Proteome Discoverer has an algorithm for assigning peptides to proteins or protein groups. These protein groups consist of proteins that share a number of peptides. Since at present, the PRIDE database does not support the concept of protein groups, we've settled on a compromise. For any protein identification, a list of supplied parameters with the id's of the "other" proteins of the same protein group (ontology term: [PRIDE:0000418]) is supplied. A 'representative' protein for the protein group is assigned by Protein Discoverer, and is marked with the annotation 'anchor protein' [MS:1001591] by the converter.
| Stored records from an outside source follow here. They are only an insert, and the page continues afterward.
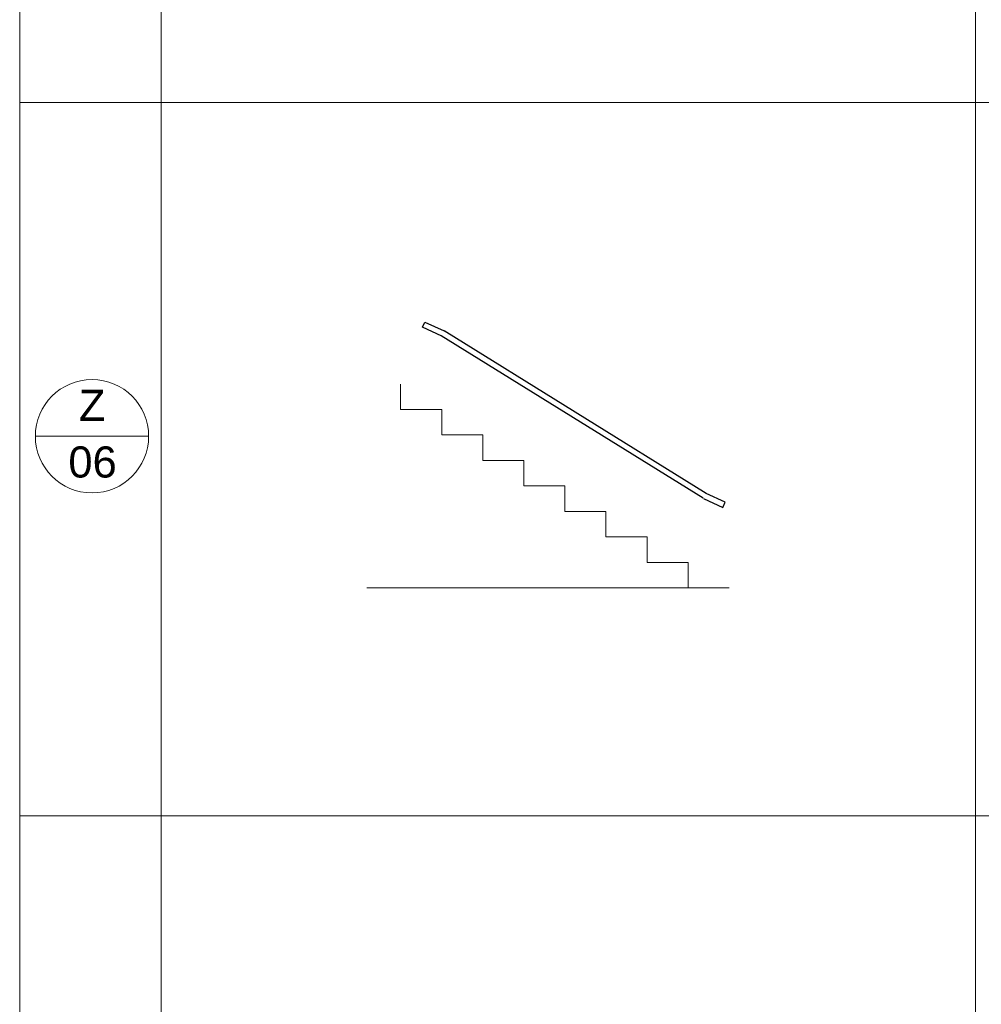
# Model space of a CAD drawing. Header units: millimetres. Extents: x 15381 to 191117, y -190522 to 366986.
# Tile 27 of 79: x 88117 to 94908, y -33483 to -26527. Entities that reach past the tile are written whole.
import ezdxf

# ---------------------------------------------------------------- set-up
doc = ezdxf.new("R2010")
doc.units = ezdxf.units.MM
doc.header["$MEASUREMENT"] = 0
doc.layers.add('Nové_0', color=7, linetype='Continuous')
doc.styles.add('GENEROVANÝ_STYL_1', font='txt')

msp = doc.modelspace()

# ---------------------------------------------------------------- linework, layer by layer
at = {"color": 7, "linetype": 'Continuous', "lineweight": 20}
for p, q in [((88117.4, -19571.8), (88117.4, -47271.8)), ((89117.4, -22071.8), (89117.4, -27111.8)), ((94867.4, -22071.8), (94867.4, -27111.8)), ((107117.4, -27111.8), (88117.4, -27111.8)), ((89117.4, -27111.8), (89117.4, -32151.8)), ((94867.4, -27111.8), (94867.4, -32151.8)), ((88228, -29470.4), (89028, -29470.4)), ((107117.4, -32151.8), (88117.4, -32151.8)), ((89117.4, -32151.8), (89117.4, -37191.8)), ((94867.4, -32151.8), (94867.4, -37191.8))]:
    msp.add_line(p, q, dxfattribs=at)
at = {"color": 7, "linetype": 'Continuous', "lineweight": 13}
for p, q in [((90807.5, -29101.3), (90807.5, -29281.3)), ((90807.5, -29281.3), (91097.5, -29281.3)), ((91097.5, -29281.3), (91097.5, -29461.3)), ((91097.5, -29461.3), (91387.5, -29461.3)), ((91387.5, -29461.3), (91387.5, -29641.3)), ((91387.5, -29641.3), (91677.5, -29641.3)), ((91677.5, -29641.3), (91677.5, -29821.3)), ((91677.5, -29821.3), (91967.5, -29821.3)), ((91967.5, -29821.3), (91967.5, -30001.3)), ((91967.5, -30001.3), (92257.5, -30001.3)), ((92257.5, -30001.3), (92257.5, -30181.3)), ((92257.5, -30181.3), (92547.5, -30181.3)), ((92547.5, -30181.3), (92547.5, -30361.3)), ((92547.5, -30361.3), (92837.5, -30361.3)), ((92837.5, -30361.3), (92837.5, -30541.3)), ((93127.5, -30541.3), (90569.6, -30541.3)), ((90569.6, -30541.3), (93127.5, -30541.3)), ((92837.5, -30541.3), (93127.5, -30541.3))]:
    msp.add_line(p, q, dxfattribs=at)
at = {"color": 7, "linetype": 'Continuous', "lineweight": 20}
msp.add_circle((88628, -29470.4), 400, dxfattribs=at)
at = {"layer": 'Nové_0', "color": 1, "linetype": 'Continuous', "lineweight": 25}
for p, q in [((92964.1, -29873.8), (91114.2, -28726.4)), ((92943, -29907.8), (91093.1, -28760.3))]:
    msp.add_line(p, q, dxfattribs=at)
at = {"layer": 'Nové_0', "color": 1, "linetype": 'Continuous', "lineweight": 25, "flags": 128}
for points in [[(91097.5, -28762.7), (90961.2, -28700), (90977.9, -28663.7), (91114.2, -28726.4)], [(92947.3, -29910.2), (93083.3, -29972.7), (93100, -29936.3), (92964.1, -29873.8)]]:
    msp.add_lwpolyline(points, dxfattribs=at)

# ---------------------------------------------------------------- texts
at = {"color": 7, "linetype": 'Continuous', "lineweight": 20, "char_height": 220, "attachment_point": 7, "style": 'GENEROVANÝ_STYL_1'}
for s, insert in [('\\A1;{\\pql;\\fArial|b0|i0|c238|p38;Z}', (88535.4, -29361.6)), ('\\A1;{\\pql;\\fArial|b0|i0|c238|p38;06}', (88461, -29765.1))]:
    msp.add_mtext(s, dxfattribs=dict(at, insert=insert))

doc.saveas('drawing.dxf')

Protein groups are taken 'as is' from the Proteome Discoverer .msf file, i.e. any peptide filtering does not influence the protein groups.

Phosphorylation scores

Proteome Discoverer includes the possibility to score different variants of phosphopeptides based on specific fragment peaks, using the PhosphoRS algorithm (Taus et al: J Proteome Res. 2011 Dec 2;10(12):5354-62). For every phosphopeptide PSM, a pRS score and pRS sequence probability is calculated, which is represented by specific terms in the converted PRIDE XML file (ProteomeDiscoverer:phosphoRS score, [MS:1001969] and ProteomeDiscoverer:phosphoRS sequence probability [MS:1001970]).

Additionally, a probability for every individual phosphorylated site is calculated. This value is stored in the phosphoriation site annotation itself and is represented by ontology term 'ProteomeDiscoverer:phosphoRS site probability' [MS:1001971].

Future work

This converter is based on an updated 'msf parser' (Colaert et al: J Proteome Res. 2011 Aug 5;10(8):3840-3). Optimizations will be made to be able to open larger files.
Since Proteome Discoverer does create quantitative data, this should be stored in the PRIDE XML file.